» **TASK PROMPT**:
Please print nothing but the lines from the one containing "- sauce bottle <box>119,68,226,237</box>" to the final line below, exactly, and no pictures.

» **RECORDS TO PROCESS**:
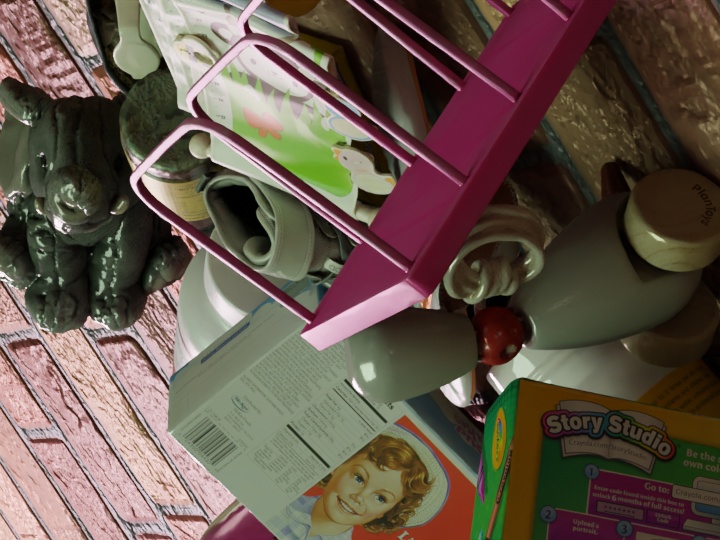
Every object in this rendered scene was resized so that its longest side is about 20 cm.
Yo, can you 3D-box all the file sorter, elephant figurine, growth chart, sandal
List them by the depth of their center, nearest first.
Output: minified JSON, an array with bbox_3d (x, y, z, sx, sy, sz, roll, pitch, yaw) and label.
[{"bbox_3d":[0.008,-0.091,1.287,0.125,0.200,0.139,37,159,-10],"label":"file sorter"},{"bbox_3d":[-0.057,-0.098,1.455,0.144,0.018,0.200,19,151,32],"label":"growth chart"},{"bbox_3d":[0.050,-0.036,1.471,0.079,0.059,0.208,100,160,-68],"label":"sandal"},{"bbox_3d":[-0.163,-0.064,1.762,0.155,0.141,0.200,44,153,24],"label":"elephant figurine"}]

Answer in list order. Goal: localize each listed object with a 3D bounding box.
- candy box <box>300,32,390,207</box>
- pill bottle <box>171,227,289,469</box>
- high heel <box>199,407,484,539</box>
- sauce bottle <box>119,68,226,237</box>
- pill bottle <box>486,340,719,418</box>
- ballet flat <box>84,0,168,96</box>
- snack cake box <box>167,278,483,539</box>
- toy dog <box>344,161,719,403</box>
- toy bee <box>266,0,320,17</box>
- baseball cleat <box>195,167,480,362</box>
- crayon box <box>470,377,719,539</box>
[{"bbox_3d":[-0.059,-0.101,1.659,0.200,0.026,0.103,23,147,50],"label":"candy box"},{"bbox_3d":[-0.056,0.041,1.745,0.112,0.112,0.200,45,156,17],"label":"pill bottle"},{"bbox_3d":[-0.004,0.144,1.737,0.096,0.200,0.067,55,-165,1],"label":"high heel"},{"bbox_3d":[-0.099,-0.061,1.662,0.065,0.065,0.200,49,173,9],"label":"sauce bottle"},{"bbox_3d":[0.154,0.104,1.447,0.200,0.104,0.104,49,157,10],"label":"pill bottle"},{"bbox_3d":[-0.125,-0.164,1.577,0.073,0.073,0.200,40,154,27],"label":"ballet flat"},{"bbox_3d":[-0.002,0.107,1.641,0.200,0.115,0.067,46,-164,-21],"label":"snack cake box"},{"bbox_3d":[0.081,-0.004,1.363,0.097,0.199,0.132,59,135,38],"label":"toy dog"},{"bbox_3d":[-0.064,-0.181,1.453,0.131,0.109,0.200,55,157,-10],"label":"toy bee"},{"bbox_3d":[0.000,0.000,1.554,0.199,0.106,0.070,25,109,20],"label":"baseball cleat"},{"bbox_3d":[0.152,0.131,1.344,0.199,0.119,0.058,12,156,-8],"label":"crayon box"}]
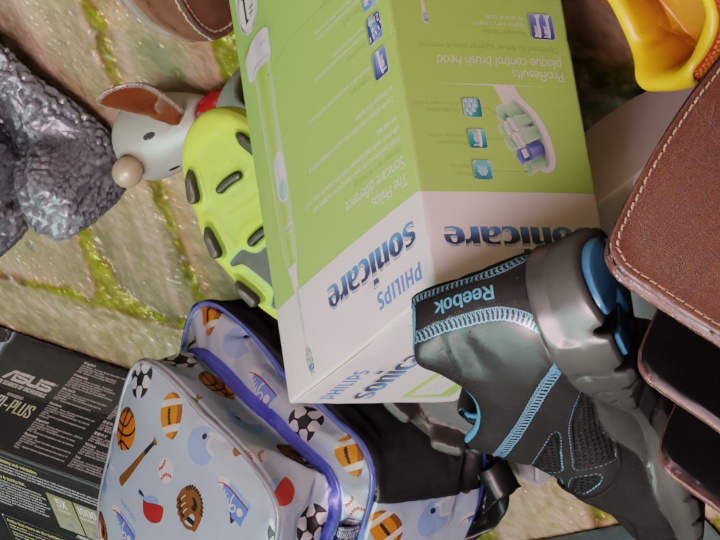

» **THE ANSWER**:
- sauce bottle <box>119,68,226,237</box>
- pill bottle <box>486,340,719,418</box>
- ballet flat <box>84,0,168,96</box>
- snack cake box <box>167,278,483,539</box>
- toy dog <box>344,161,719,403</box>
- toy bee <box>266,0,320,17</box>
- baseball cleat <box>195,167,480,362</box>
- crayon box <box>470,377,719,539</box>
[{"bbox_3d":[-0.059,-0.101,1.659,0.200,0.026,0.103,23,147,50],"label":"candy box"},{"bbox_3d":[-0.056,0.041,1.745,0.112,0.112,0.200,45,156,17],"label":"pill bottle"},{"bbox_3d":[-0.004,0.144,1.737,0.096,0.200,0.067,55,-165,1],"label":"high heel"},{"bbox_3d":[-0.099,-0.061,1.662,0.065,0.065,0.200,49,173,9],"label":"sauce bottle"},{"bbox_3d":[0.154,0.104,1.447,0.200,0.104,0.104,49,157,10],"label":"pill bottle"},{"bbox_3d":[-0.125,-0.164,1.577,0.073,0.073,0.200,40,154,27],"label":"ballet flat"},{"bbox_3d":[-0.002,0.107,1.641,0.200,0.115,0.067,46,-164,-21],"label":"snack cake box"},{"bbox_3d":[0.081,-0.004,1.363,0.097,0.199,0.132,59,135,38],"label":"toy dog"},{"bbox_3d":[-0.064,-0.181,1.453,0.131,0.109,0.200,55,157,-10],"label":"toy bee"},{"bbox_3d":[0.000,0.000,1.554,0.199,0.106,0.070,25,109,20],"label":"baseball cleat"},{"bbox_3d":[0.152,0.131,1.344,0.199,0.119,0.058,12,156,-8],"label":"crayon box"}]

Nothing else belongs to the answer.